Discussion Goal: This discussion should focus on what made the algorithms the same. While they are designed to fall into two categories, ideally a number of points should come out of this discussion.

• Algorithms 1, 3, and 4 draw a square while 2, 5, and 6 draw a rectangle
• Algorithms 4 and 6 are written using a flowchart while 1, 2, 3, and 5 are written in the AP Pseudocode
• Some of these algorithms turn the robot right by turning left three times. It's debateable whether we can really call these algorithms "the same"
• Some of these algorithms create lists or variables to store information. Depending on the context we may not be able to call these algorithms "the same"

Circulate: Ask students to review the algorithms with a partner and group them into categories. Move around the room making sure students are not getting stuck. If they finish early push them to see if they can think about the problem in a different way.

Discuss: Discuss with another group. which of these algorithms are “the same” as one another?

Have students discuss with another before asking them to share with the room.
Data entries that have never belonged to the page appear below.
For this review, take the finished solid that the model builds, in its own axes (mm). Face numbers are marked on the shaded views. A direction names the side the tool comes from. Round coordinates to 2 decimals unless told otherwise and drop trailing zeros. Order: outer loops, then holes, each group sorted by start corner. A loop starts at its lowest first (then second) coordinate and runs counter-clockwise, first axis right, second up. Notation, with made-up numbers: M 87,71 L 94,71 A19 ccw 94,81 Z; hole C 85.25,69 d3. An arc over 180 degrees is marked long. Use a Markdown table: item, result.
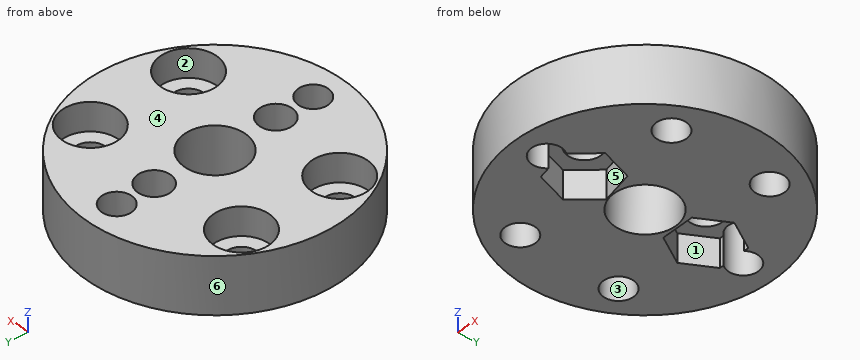
from build123d import *

# Parameters (mm, degrees)
SKETCH_1_R          = 13.75
SKETCH_1_R_2        = 1.6
SKETCH_1_R_3        = 3.25
EXTRUDE_1_DEPTH     = 6
SKETCH_2_R          = 1.75
CUT_EXTRUDE_1_DEPTH = 7
SKETCH_3_R          = 3
CUT_EXTRUDE_2_DEPTH = 3
CUT_EXTRUDE_6_DEPTH = 3


with BuildPart() as part:
    # ｽｹｯﾁ1 → ﾎﾞｽ - 押し出し1 (new body)
    with BuildSketch(Plane.XY):
        Circle(SKETCH_1_R)
        with Locations((0, 10.5)):
            Circle(SKETCH_1_R_2, mode=Mode.SUBTRACT)
        with Locations((9.09326674, 5.25)):
            Circle(SKETCH_1_R_2, mode=Mode.SUBTRACT)
        with Locations((9.09326674, -5.25)):
            Circle(SKETCH_1_R_2, mode=Mode.SUBTRACT)
        with Locations((0, -10.5)):
            Circle(SKETCH_1_R_2, mode=Mode.SUBTRACT)
        with Locations((-9.09326674, -5.25)):
            Circle(SKETCH_1_R_2, mode=Mode.SUBTRACT)
        with Locations((-9.09326674, 5.25)):
            Circle(SKETCH_1_R_2, mode=Mode.SUBTRACT)
        Circle(SKETCH_1_R_3, mode=Mode.SUBTRACT)
    extrude(amount=EXTRUDE_1_DEPTH)

    # ｽｹｯﾁ2 → ｶｯﾄ - 押し出し1 (cut, through all)
    with BuildSketch(Plane.XY.offset(6)):
        with Locations((0, 6.5)):
            Circle(SKETCH_2_R)
        with Locations((0, -6.5)):
            Circle(SKETCH_2_R)
    extrude(amount=-CUT_EXTRUDE_1_DEPTH, mode=Mode.SUBTRACT)

    # ｽｹｯﾁ3 → ｶｯﾄ - 押し出し2 (cut)
    with BuildSketch(Plane.XY.offset(6)):
        with Locations((9.09326674, 5.25)):
            Circle(SKETCH_3_R)
        with Locations((-9.09326674, -5.25)):
            Circle(SKETCH_3_R)
        with Locations((-9.09326674, 5.25)):
            Circle(SKETCH_3_R)
        with Locations((9.09326674, -5.25)):
            Circle(SKETCH_3_R)
    extrude(amount=-CUT_EXTRUDE_2_DEPTH, mode=Mode.SUBTRACT)

    # ｽｹｯﾁ7 → ｶｯﾄ - 押し出し6 (cut)
    with BuildSketch(Plane(origin=(0, 0, 0), x_dir=(-1, 0, 0), z_dir=(0, 0, -1))):
        Polygon((1.752709389, 3.512022457), (3.464019153, 6.523902085), (1.711309763, 9.511879628), (-1.752709389, 9.487977543), (-3.464019153, 6.476097915), (-1.711309763, 3.488120372), align=None)
        Polygon((2.335754412, -9.058173436), (3.383320389, -5.75626406), (1.047565977, -3.198090624), (-2.335754412, -3.941826564), (-3.383320389, -7.24373594), (-1.047565977, -9.801909376), align=None)
    extrude(amount=-CUT_EXTRUDE_6_DEPTH, mode=Mode.SUBTRACT)


solid = part.part
Q1. Add section C-C (z = 3.7). Give the number of separate pieces and of enclosed holes in the cut face, then the cut area to 3 significant figures.
Determined:
| item | result |
|---|---|
| separate pieces | 1 |
| enclosed holes | 9 |
| area | 412 mm^2 |
Q2. Draft analysis for pull direction Y (two halves, no side actions). For the marked faces 4, 5 and 6, state which applies: pulls with the +Y half, pulls with the -Y half, needs draft (parallel to the pull), parting line crosses it, or undercut.
Determined:
| item | result |
|---|---|
| face 4 | needs draft |
| face 5 | undercut |
| face 6 | parting line crosses it |
Q3. Clearance check with flat-ended pins moving along their axes: pin 1 (7 mm diameter, centred on x = 9.09, y = 5.25, fed in from -Z); pin 2 (3 mm diameter, centred on x = 0, y = 6.5, fed in from -Z); pin 3 (1.9 mm diameter, centred on x = -1, y = -5, fed in from -Z); pin 4 (3.5 mm diameter, centred on x = -9.09, y = 5.25, fed in from +Z). State where each tip first meets the part, or that it passes through.
Determined:
| item | result |
|---|---|
| pin 1 | stops at z = 0 |
| pin 2 | passes through |
| pin 3 | stops at z = 3 |
| pin 4 | stops at z = 3 |
Q4. Machinability: for the marked faces 1, 2 and 3, which of the approach directions +Z, -Z, +X, -X, +Y, -Y give a long, thin tool a straight path to every point of the face, cutting with its end or side? Answer none if there is none.
Determined:
| item | result |
|---|---|
| face 1 | -Z |
| face 2 | +Z |
| face 3 | +Z, -Z |
Q5. Add section B-B (z = 1.1). Write out the cut boundary in (x, y), then the cut area to 3 significant figures.
Determined:
| item | result |
|---|---|
| outline | C 0,0 d27.5; hole C -9.09,-5.25 d3.2; hole C -9.09,5.25 d3.2; hole M -3.46,6.52 L -1.75,3.51 L 1.71,3.49 L 3.46,6.48 L 1.75,9.49 L 1.24,9.49 A1.6 ccw long -1.26,9.51 L -1.71,9.51 Z; hole M -3.38,-5.76 L -2.34,-9.06 L -1.09,-9.33 A1.6 ccw long 1.28,-9.54 L 3.38,-7.24 L 2.34,-3.94 L -1.05,-3.2 Z; hole C 0,0 d6.5; hole C 9.09,-5.25 d3.2; hole C 9.09,5.25 d3.2 |
| area | 452 mm^2 |
Q6. Add section D-D (x = 0). Write out the cut boundary in (y, z).
Determined:
| item | result |
|---|---|
| outline | M -13.75,0 L -12.1,0 L -12.1,6 L -13.75,6 Z; M -8.9,3 L -8.25,3 L -8.25,6 L -8.9,6 Z; M -4.75,3 L -3.43,3 L -3.43,0 L -3.25,0 L -3.25,6 L -4.75,6 Z; M 3.25,0 L 3.5,0 L 3.5,3 L 4.75,3 L 4.75,6 L 3.25,6 Z; M 8.25,3 L 8.9,3 L 8.9,6 L 8.25,6 Z; M 12.1,0 L 13.75,0 L 13.75,6 L 12.1,6 Z |
Q7. Add section A-A (y = 0). Write out the cut boundary in (x, z), then the cut area to 3 significant figures.
Determined:
| item | result |
|---|---|
| outline | M -13.75,0 L -3.25,0 L -3.25,6 L -13.75,6 Z; M 3.25,0 L 13.75,0 L 13.75,6 L 3.25,6 Z |
| area | 126 mm^2 |
Q8. Wall thickness on line 1 along Y through (x, z) = (0, 4.7); line 2 along Y through (x, z) = (10, 1.9); line 3 along Y through (x, z) = (-11.75, 4.9): over which ranges is each line inside the solid? List them lowest first. Write a range as [from, to].
Determined:
| item | result |
|---|---|
| line 1 | y = [-13.75, -12.1], [-8.9, -8.25], [-4.75, -3.25], [3.25, 4.75], [8.25, 8.9], [12.1, 13.75] |
| line 2 | y = [-9.44, -6.57], [-3.93, 3.93], [6.57, 9.44] |
| line 3 | y = [-7.14, -6.64], [-3.86, 3.86], [6.64, 7.14] |
Verification items for the finished model (mm, model axes). A direction names the side the tool comes from. Round coordinates to 2 decimals unless told otherwise and drop trailing zeros. Loops run counter-clockwise (first coordinate to the right, second up) from the corner with the lowest first, then second, coordinate; pieces in that order, holes last. Notation, with made-up numbers: (20, 54) -> (62, 54) arc R31 cw to (62, 79) -> close; hole circle Ø11 at (-35, -30). An arc over 180 degrees is marked (long way). Write item = value, one per line.
```python
from build123d import *

# Parameters (mm, degrees)
F4_DEPTH = 8
F2_R     = 3.171744
F5_DEPTH = 25
F0_R     = 3.171744
F6_DEPTH = 25


with BuildPart() as f4:
    # F3 (on Front) → F4 (new body)
    with BuildSketch(Plane.XZ):
        with BuildLine():
            Line((-59.009388, 95.835626), (0, -18.867213))
            Line((0, -18.867213), (59.009388, 95.835626))
            ThreePointArc((59.009388, 95.835626), (55.394876, 108.451405), (42.578131, 105.631188))
            Line((42.578131, 105.631188), (0, 23.474881))
            Line((0, 23.474881), (-42.578131, 105.631188))
            ThreePointArc((-42.578131, 105.631188), (-55.394876, 108.451405), (-59.009388, 95.835626))
        make_face()
    extrude(amount=F4_DEPTH)

    # F2 (on Front) → F5 (cut)
    with BuildSketch(Plane.XZ):
        with Locations((-50.368942, 99.972241)):
            Circle(F2_R)
        with Locations((50.368942, 99.972241)):
            Circle(F2_R)
    extrude(amount=F5_DEPTH, mode=Mode.SUBTRACT)

    # F0 (on Front) → F6 (cut)
    with BuildSketch(Plane.XZ):
        Circle(F0_R)
    extrude(amount=F6_DEPTH, mode=Mode.SUBTRACT)


solid = f4.part
```
(1) Sectioned sample at A-A, the plane z = 92. Record the cut outline in (x, y), and give its area (3 significant figures).
Filled sheet:
outline = (-57.04, -8) -> (-35.51, -8) -> (-35.51, 0) -> (-57.04, 0) -> close; (35.51, -8) -> (57.04, -8) -> (57.04, 0) -> (35.51, 0) -> close
area = 344 mm2
(2) Sectioned sample at D-D, the plane x = 6. Record the cut outline in (y, z), and give its area (3 significant figures).
Filled sheet:
outline = (-8, -7.2) -> (0, -7.2) -> (0, 35.05) -> (-8, 35.05) -> close
area = 338 mm2
(3) Sectioned sample at B-B, the plane y = -1.25. Record the cut outline in (x, z).
Filled sheet:
outline = (-59.01, 95.84) -> (0, -18.87) -> (59.01, 95.84) arc R9.58 ccw to (42.58, 105.63) -> (0, 23.47) -> (-42.58, 105.63) arc R9.58 ccw to start; hole circle Ø6.34 at (-50.37, 99.97); hole circle Ø6.34 at (0, 0); hole circle Ø6.34 at (50.37, 99.97)
(4) Go/stop test with flat-tipped pins: pin 1 Ø7.5 at (x, z) = (50.37, 99.97) entering from +Y; pin 2 Ø1.5 at (y, z) = (-6, 24) entering from +X; pin 3 Ø5 at (x, z) = (-50.37, 99.97) entering from -Y; pin 4 Ø3 at (y, z) = (-3.5, 37) entering from +X. Record where each tip stops, or that it passes through.
Filled sheet:
pin_1 = 0
pin_2 = 22.44
pin_3 = through
pin_4 = 29.51
(5) Material ranges on probe 1 along X at (y, z) = (-0.5, 35); probe 2 along X at (y, z) = (-0.75, 44); probe 3 along Z at (x, y) = (-5, -3), recorded low to high. Write a range as from..to.
Filled sheet:
probe_1 = -27.71..-5.97, 5.97..27.71
probe_2 = -32.34..-10.64, 10.64..32.34
probe_3 = -9.15..33.12
(6) Sectioned sample at C-C, the plane z = 75. Record the cut outline in (x, y).
Filled sheet:
outline = (-48.29, -8) -> (-26.7, -8) -> (-26.7, 0) -> (-48.29, 0) -> close; (26.7, -8) -> (48.29, -8) -> (48.29, 0) -> (26.7, 0) -> close
(7) Draft check along X on faces 3 (the face through (-29.92, -3.94, 39.29)), 4 (the face through (53.4, -3.9, 100.9)), 5 (the face through (-18, 0, 51)). Enter one of: released by +X, released by -X, zero draft, split by the parting line, or undercut.
Filled sheet:
face_3 = released by -X
face_4 = undercut
face_5 = zero draft
(8) Set-up check for faces 1 (the face through (21.59, -3.94, 65.13)), 2 (the face through (-2.517, -3.944, -1.93)): record each of +Z, -Z, +X, -X, +Y, -Y from which the full face is reachable in a straight line by a thin tool's end or side.
Filled sheet:
face_1 = +Z, +Y, -Y
face_2 = +Y, -Y
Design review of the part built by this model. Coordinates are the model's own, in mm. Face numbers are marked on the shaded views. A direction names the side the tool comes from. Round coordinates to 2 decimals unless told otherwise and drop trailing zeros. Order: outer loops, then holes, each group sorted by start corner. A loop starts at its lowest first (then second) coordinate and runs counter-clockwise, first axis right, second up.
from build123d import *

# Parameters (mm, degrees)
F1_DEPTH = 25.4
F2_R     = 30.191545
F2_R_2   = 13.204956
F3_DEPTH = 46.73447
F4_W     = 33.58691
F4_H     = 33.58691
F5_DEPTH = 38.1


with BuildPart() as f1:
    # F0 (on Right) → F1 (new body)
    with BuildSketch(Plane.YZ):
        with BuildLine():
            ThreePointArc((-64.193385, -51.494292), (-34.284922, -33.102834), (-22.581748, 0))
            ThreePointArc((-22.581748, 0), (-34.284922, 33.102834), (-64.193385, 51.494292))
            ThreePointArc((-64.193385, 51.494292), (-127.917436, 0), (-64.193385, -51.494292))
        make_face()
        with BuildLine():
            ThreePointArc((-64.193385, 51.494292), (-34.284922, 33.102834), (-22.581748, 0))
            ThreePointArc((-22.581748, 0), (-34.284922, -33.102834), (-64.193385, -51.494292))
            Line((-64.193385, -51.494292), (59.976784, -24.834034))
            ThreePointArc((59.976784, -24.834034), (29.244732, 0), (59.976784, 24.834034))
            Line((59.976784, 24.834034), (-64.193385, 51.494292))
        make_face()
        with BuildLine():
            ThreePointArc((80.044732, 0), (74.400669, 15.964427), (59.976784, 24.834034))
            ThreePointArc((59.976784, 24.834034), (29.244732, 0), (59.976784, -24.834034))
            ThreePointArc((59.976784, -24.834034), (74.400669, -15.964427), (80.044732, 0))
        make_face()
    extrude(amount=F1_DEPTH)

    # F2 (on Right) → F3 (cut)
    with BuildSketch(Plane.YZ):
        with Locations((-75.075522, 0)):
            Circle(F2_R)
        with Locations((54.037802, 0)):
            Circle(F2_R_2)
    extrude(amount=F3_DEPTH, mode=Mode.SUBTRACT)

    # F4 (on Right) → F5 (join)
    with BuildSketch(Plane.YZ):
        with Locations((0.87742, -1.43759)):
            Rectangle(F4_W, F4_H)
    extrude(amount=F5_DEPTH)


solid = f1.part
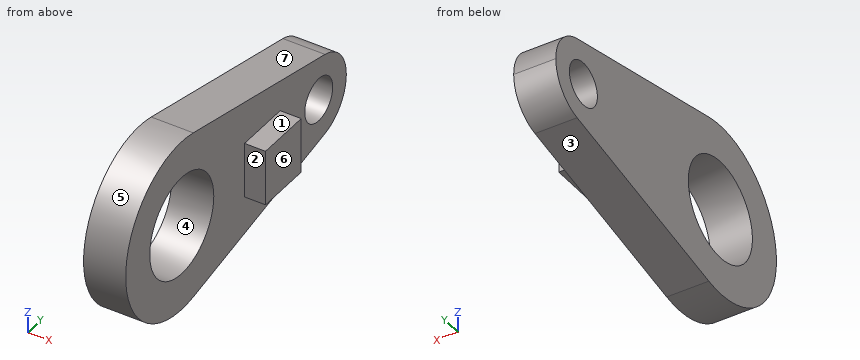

Lead a discussion on their experiences using tips from the discussion goal at the side.

Create Performance Task Written Response Practice

In order to help prepare students for the new component of the AP Create Performance Task, there will be several opportunities throughout the curriculum to practice creating written responses aligned with the learning objectives that might be assessed on the exam.

Sample Prompt: What makes two pieces of code “the same”? Could there ever be two pieces of code that you consider to be “the same” even if they aren’t identical?

Unit Journal Template

Sample Response for Instructors

Journal: Students add the following vocabulary words and definitions to their journals: problem, algorithm, sequencing, selection, iteration.

Discuss: How did today’s activities change the way you think about algorithms and problems?

Have students think about their answers on their own, then share with a partner, and then finally discuss responses with the entire room.

Discussion Goal: Use this discussion to reinforce vocabulary introduced in the slides and check in on whether students have begun the transition towards thinking on a higher level about algorithms and problems.

Computer scientists don't just think about "code", they think about problems and the algorithms that solve them. In this unit we're going to explore what makes two problems, or two algorithms, similar or different from one another, and the way computer scientists talk about them. Not only will you be a better programmer, but you'll get to work on some really interesting problems along the way.

Check For Understanding Question(s) and solutions can be found in each lesson on Code Studio. These questions can be used for an exit ticket.

Question: In your own words explain the difference between a problem and an algorithm.